Comme d’autres professionnels de santé, nous observons quotidiennement le mal-être de nos concitoyens : fatigue, angoisse, stress, voire épuisement, s’exprimant parfois sur le mode de l’agressivité. Nous compatissons avec l’attention et la disponibilité nécessaires, jusqu’à « encaisser » quand le ton monte…
Il est vrai que cet état préexistait. Bien sûr la crise sanitaire n’a rien arrangé, puisque la solitude ou la promiscuité contraintes, l’ample recours au télétravail, les peurs d’être contaminé(e)s comme d’être licencié(e)s… participent de la dégradation de l’élan vital et des relations humaines.
Si certains expliquent ces plaintes par le cumul de contraintes de toutes sortes qui pèsent sur les individus et les privent de trouver du sens à leur vie et de l’optimisme, d’autres font l’hypothèse que nos contemporains s’imposent des exigences de perfection et de performance. Dans ce contexte, l’affirmation d’une telle souffrance « existentielle » - qui semble atteindre n’importe qui – en arrive à s’exprimer sous la forme de besoins de sommeil, de repos, de fuite.
La crise du Covid-19 a révélé combien dans un tel climat, les offres les plus diverses en matière de santé sont devenues pour de nombreux concitoyens un recours essentiel pour arriver à tenir le coup. Il y a un an, les questions concernant les médicaments éventuellement utiles pour prévenir ou lutter contre ce virus revenaient sans cesse. Les premiers vaccins étant mis au point, les interrogations se portaient sur leur composition, les conditions de leur évaluation et leurs éventuels effets secondaires… Aujourd’hui il s’agit de l’approvisionnement : va-t-on pouvoir en profiter ? Et quand ? Y en aura-t-il assez ? Les médias n’arrangeant rien à l’affaire en s’emparant de prises de parole parfois intempestives, l’empressement pour obtenir des réponses de la part de professionnels avisés signe d’autant le degré élevé d’inquiétude générale.
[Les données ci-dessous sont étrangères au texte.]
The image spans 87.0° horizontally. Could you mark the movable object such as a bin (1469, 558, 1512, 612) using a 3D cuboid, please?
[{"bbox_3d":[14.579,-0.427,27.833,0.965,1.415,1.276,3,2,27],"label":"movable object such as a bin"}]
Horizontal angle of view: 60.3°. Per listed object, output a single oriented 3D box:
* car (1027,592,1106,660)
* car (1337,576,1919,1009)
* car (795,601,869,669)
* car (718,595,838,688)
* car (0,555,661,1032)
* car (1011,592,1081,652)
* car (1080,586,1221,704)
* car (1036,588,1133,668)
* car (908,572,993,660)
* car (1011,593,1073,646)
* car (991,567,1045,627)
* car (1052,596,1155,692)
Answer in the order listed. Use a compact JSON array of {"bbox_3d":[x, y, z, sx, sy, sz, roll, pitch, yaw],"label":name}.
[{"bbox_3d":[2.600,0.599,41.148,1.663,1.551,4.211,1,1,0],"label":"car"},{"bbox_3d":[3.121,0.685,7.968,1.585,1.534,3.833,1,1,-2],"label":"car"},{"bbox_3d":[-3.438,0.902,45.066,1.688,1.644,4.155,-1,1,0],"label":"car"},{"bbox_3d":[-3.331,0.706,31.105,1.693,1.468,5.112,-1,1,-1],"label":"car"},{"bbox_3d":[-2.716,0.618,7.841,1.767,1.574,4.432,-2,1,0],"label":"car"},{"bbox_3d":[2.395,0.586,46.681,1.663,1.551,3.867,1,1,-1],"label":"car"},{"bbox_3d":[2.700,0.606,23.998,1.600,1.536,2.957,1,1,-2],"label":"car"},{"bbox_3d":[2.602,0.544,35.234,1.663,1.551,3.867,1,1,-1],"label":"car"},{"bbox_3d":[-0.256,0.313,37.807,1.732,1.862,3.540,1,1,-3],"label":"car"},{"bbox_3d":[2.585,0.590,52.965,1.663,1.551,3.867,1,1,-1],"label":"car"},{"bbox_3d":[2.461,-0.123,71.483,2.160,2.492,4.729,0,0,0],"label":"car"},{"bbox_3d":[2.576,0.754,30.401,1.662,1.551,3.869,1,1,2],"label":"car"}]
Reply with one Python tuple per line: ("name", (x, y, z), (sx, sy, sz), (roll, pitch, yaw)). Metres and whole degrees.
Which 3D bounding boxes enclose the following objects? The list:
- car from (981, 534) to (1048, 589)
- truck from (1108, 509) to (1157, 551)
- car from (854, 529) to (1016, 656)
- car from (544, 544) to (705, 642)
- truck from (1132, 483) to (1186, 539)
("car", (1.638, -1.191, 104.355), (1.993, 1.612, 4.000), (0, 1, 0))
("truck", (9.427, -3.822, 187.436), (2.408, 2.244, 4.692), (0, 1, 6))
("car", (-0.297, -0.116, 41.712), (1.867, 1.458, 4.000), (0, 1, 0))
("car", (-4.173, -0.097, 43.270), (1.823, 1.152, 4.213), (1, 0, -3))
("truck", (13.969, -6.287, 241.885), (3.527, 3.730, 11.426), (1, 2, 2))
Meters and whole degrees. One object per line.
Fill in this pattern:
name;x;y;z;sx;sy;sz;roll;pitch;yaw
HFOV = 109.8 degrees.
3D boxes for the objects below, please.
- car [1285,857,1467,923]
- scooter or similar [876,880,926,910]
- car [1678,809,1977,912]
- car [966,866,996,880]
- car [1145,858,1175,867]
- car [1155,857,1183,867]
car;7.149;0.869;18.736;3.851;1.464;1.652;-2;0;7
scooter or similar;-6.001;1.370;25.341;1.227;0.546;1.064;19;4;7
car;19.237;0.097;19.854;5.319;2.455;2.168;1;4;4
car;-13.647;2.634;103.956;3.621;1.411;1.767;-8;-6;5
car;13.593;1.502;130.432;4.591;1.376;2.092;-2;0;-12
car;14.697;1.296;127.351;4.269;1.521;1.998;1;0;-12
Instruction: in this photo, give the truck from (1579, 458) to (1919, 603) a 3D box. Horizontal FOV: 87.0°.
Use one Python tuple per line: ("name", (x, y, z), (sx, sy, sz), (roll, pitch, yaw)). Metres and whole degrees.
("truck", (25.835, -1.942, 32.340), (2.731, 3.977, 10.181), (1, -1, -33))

Aujourd’hui notre profession est plus que jamais impliquée dans la gestion de cette crise, et c’est tant mieux. Notre rôle de soignant n’en est que plus important pour écouter, informer, expliquer, mais aussi démentir tant de contre-vérités. Face au scepticisme ambiant, ne s’agit-il pas de rappeler, avec patience, avant tout le recours au bon sens, distiller des informations qui relèvent de la raison scientifique, et argumenter à partir d’évaluations rigoureuses. Souhaitons que notre profession, par son exemplarité, réponde à cette exigence de rigueur scientifique et d’esprit critique, afin de battre en brèche ces raisonnements trop simplistes ou ces thèses partisanes qui alimentent tant de réseaux sociaux. N’est-il pas de notre responsabilité de transmettre la culture humaine et scientifique qui nous a formés et nous a si souvent réjouis.